Da Bruxelles sembra però ci sia chiusura su questo fronte. Nei giorni scorsi un portavoce della Commissione ha fatto riferimento a «precedenti» che si stanno considerando per affrontare un fabbisogno di capitale senza effetti avversi «per gli investitori retail». Si guarderebbe però soprattutto all’episodio delle banche greche, per le quali era emerso un deficit patrimoniale negli stress test: in quel caso gli azionisti erano stati diluiti e le obbligazioni subordinate erano state convertite in capitale. Il recente riferimento agli investitori retail fa pensare a forme di compensazione per alcuni bondholder, simili al risarcimento del governo agli investitori di Banca Marche, Carife, Etruria e Carichieti.

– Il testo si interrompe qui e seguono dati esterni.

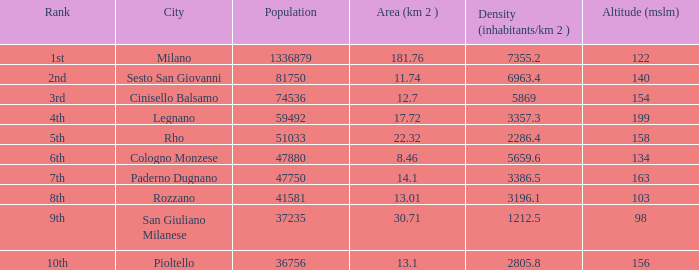Among populations with a density greater than 2805.8 inhabitants/km², a rank of 1st, and an altitude less than 122 meters, which one has the highest population? None.

Nessuno di questi scenari, rischiosi per la stabilità sistemica, è stato vissuto in Germania. Berlino ha notificato con grande astuzia la richiesta sul ripristino delle garanzie di Hsh Nordbank nel maggio 2013, ottenendo l’ok Ue (peraltro provvisorio) un mese dopo: le regole sono poi cambiate nel luglio 2013. Le coincidenze temporali fanno pensare che ci sia stata una forte influenza della Germania sull’operato di Bruxelles. Così l’ultima banca tedesca in difficoltà è stata messa in sicurezza in tempo, senza coinvolgere investitori privati (come il fondo Jc Flowers, azionista di minoranza di Hsh, banca controllata da due Lander), e si è potuti passare a nuove regole più severe per gli altri Stati. La disciplina del 2013 (che ha introdotto il burden sharing) è stata varata unilateralmente dalla Commissione Ue, mentre la direttiva Brrd (che ha introdotto il bail-in) è stata definita nel 2014 da tutti gli Stati, incluso l’Italia. La lezione di Angela Merkel sulle regole («non si possono cambiare ogni due anni») è arrivata da chi conosce benissimo le norme bancarie, e le ha sfruttate mirando all’interesse nazionale. (riproduzione riservata)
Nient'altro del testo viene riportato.